◆ **What you should do**: Could you repeat all of the entries exactly, leaving out any pictures?

◆ **Data listing**:
################
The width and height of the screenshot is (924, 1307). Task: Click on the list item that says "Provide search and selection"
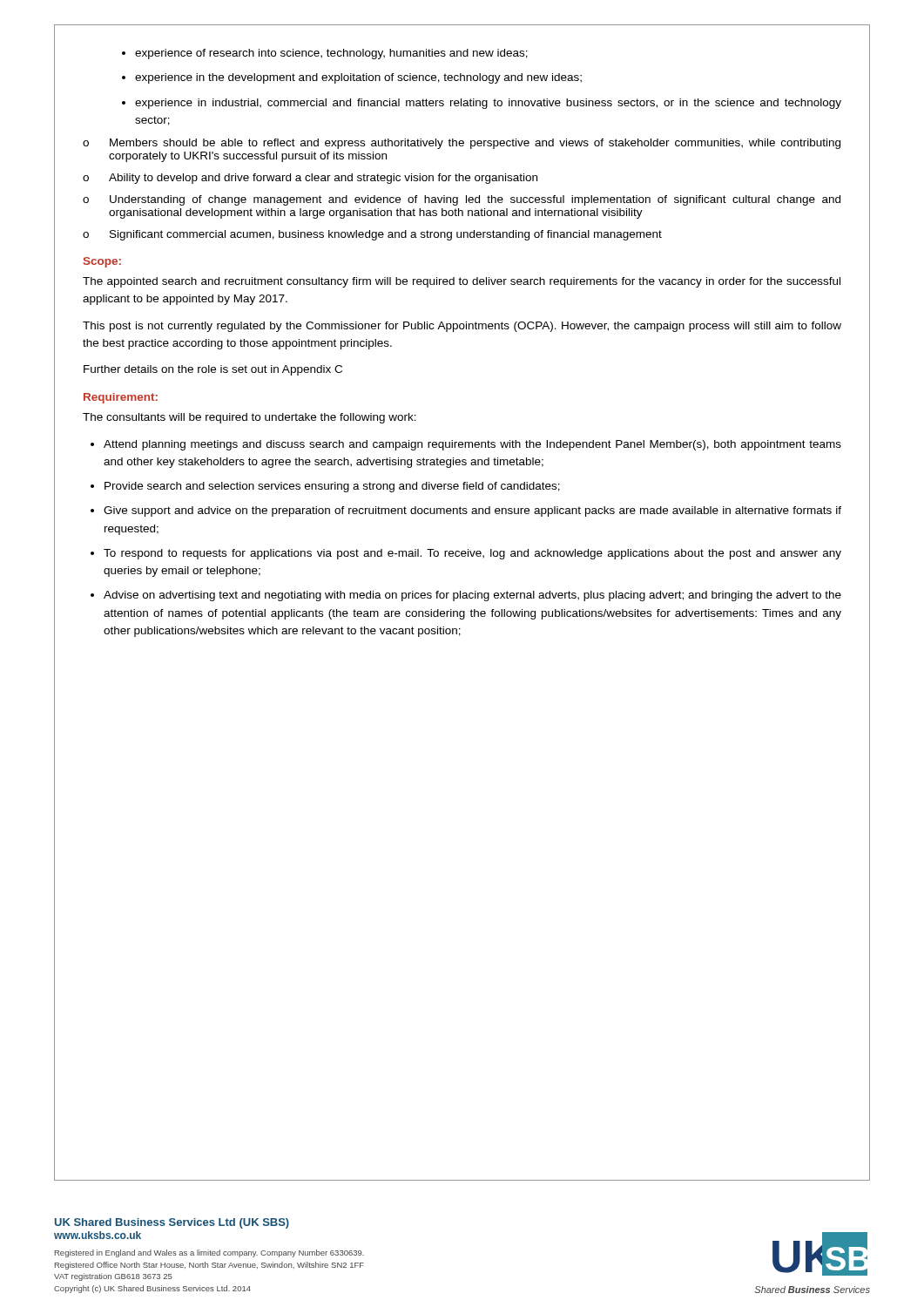pos(332,486)
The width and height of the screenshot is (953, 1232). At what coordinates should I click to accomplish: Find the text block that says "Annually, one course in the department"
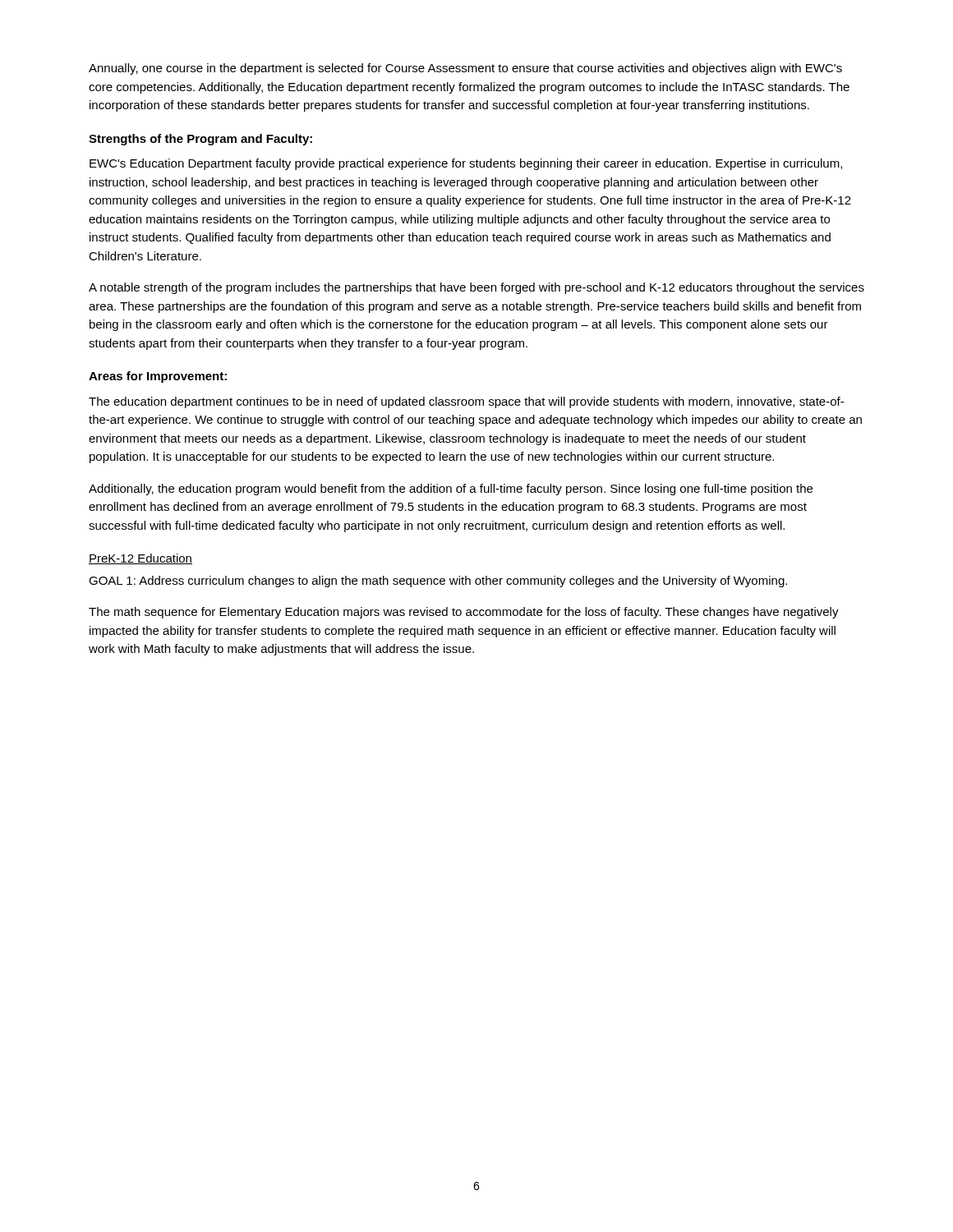tap(469, 86)
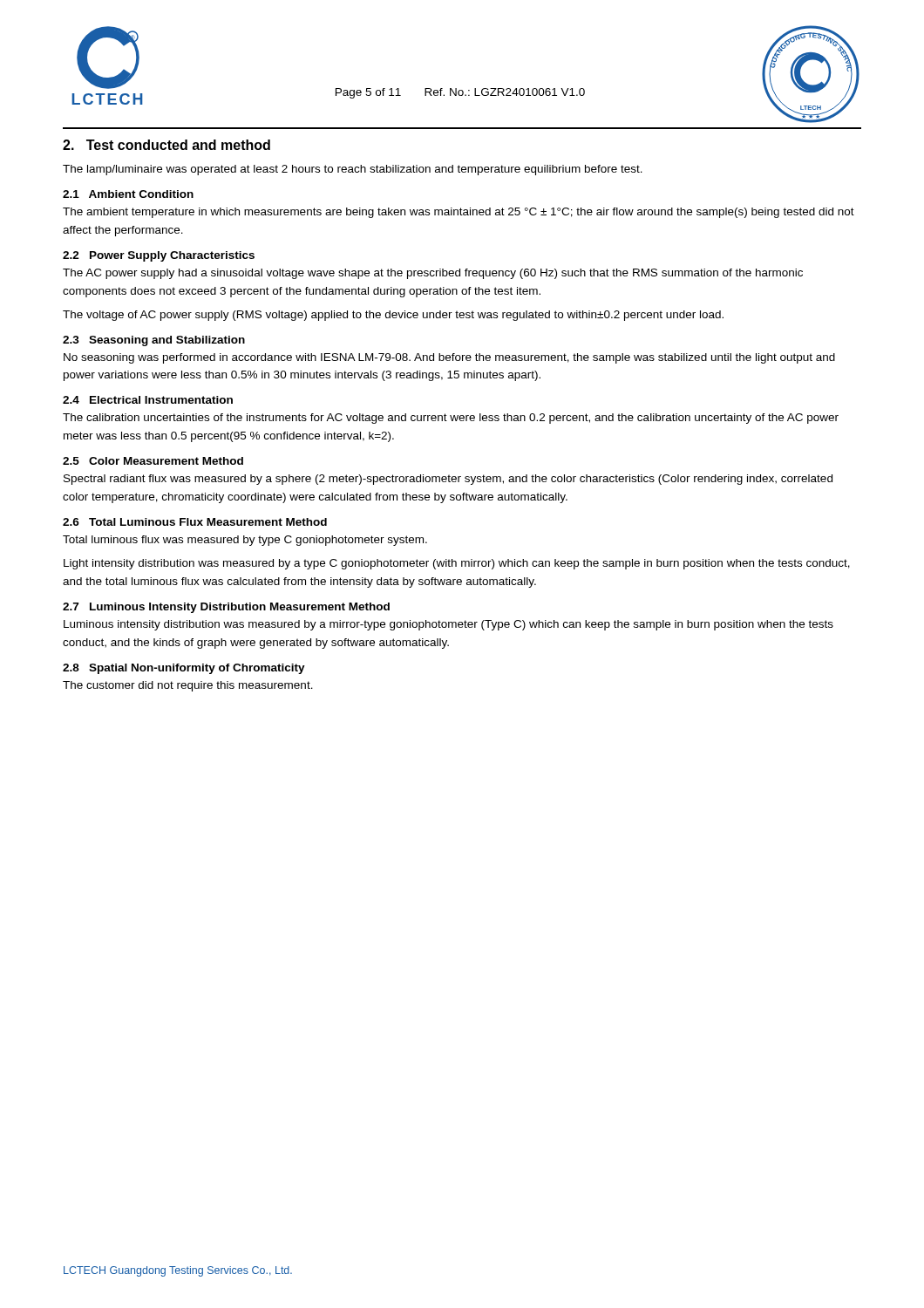Click on the section header with the text "2.3 Seasoning and Stabilization"
Viewport: 924px width, 1308px height.
[154, 339]
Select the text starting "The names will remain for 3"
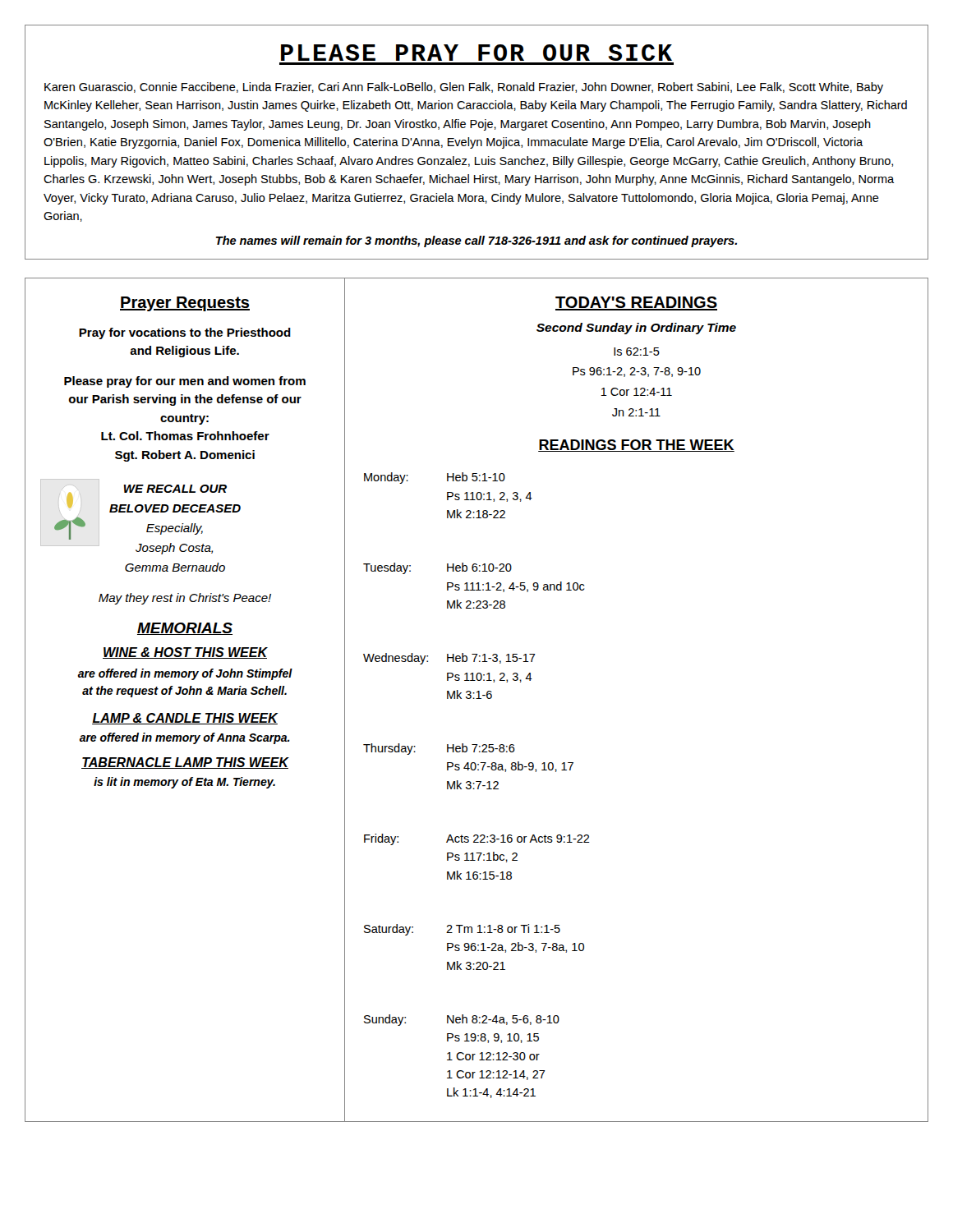This screenshot has height=1232, width=953. pyautogui.click(x=476, y=240)
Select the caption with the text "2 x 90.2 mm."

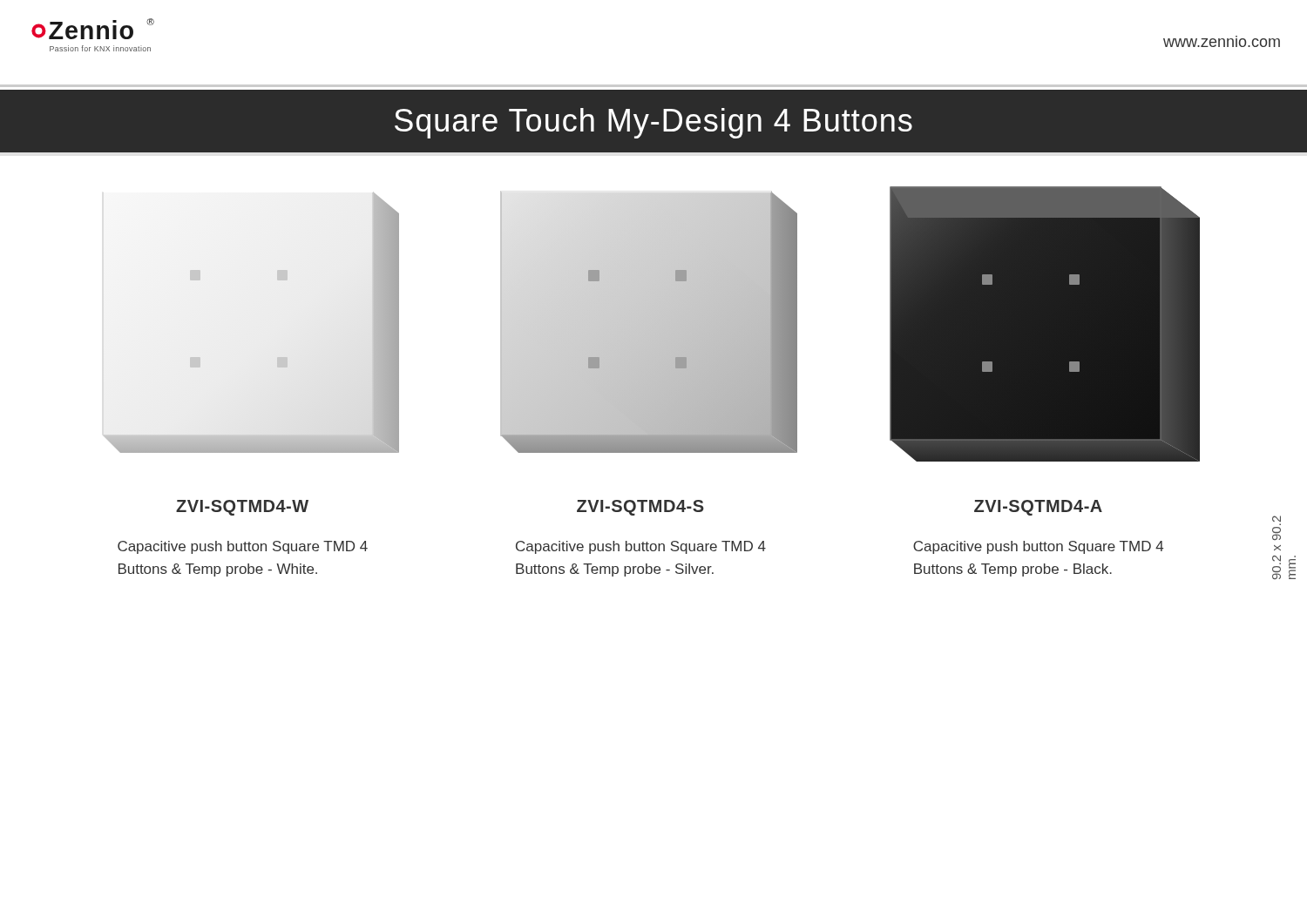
################
◆ **Answer box**:
The width and height of the screenshot is (924, 1307). Task: Click on the list item that says "Provide search and selection"
pos(332,486)
The width and height of the screenshot is (953, 1232). At what coordinates should I click to accomplish: Find the text block that says "Annually, one course in the department"
tap(469, 86)
Click on the section header with the text "2.3 Seasoning and Stabilization"
Viewport: 924px width, 1308px height.
[154, 339]
Select the text starting "The names will remain for 3"
This screenshot has height=1232, width=953. pyautogui.click(x=476, y=240)
Select the caption with the text "2 x 90.2 mm."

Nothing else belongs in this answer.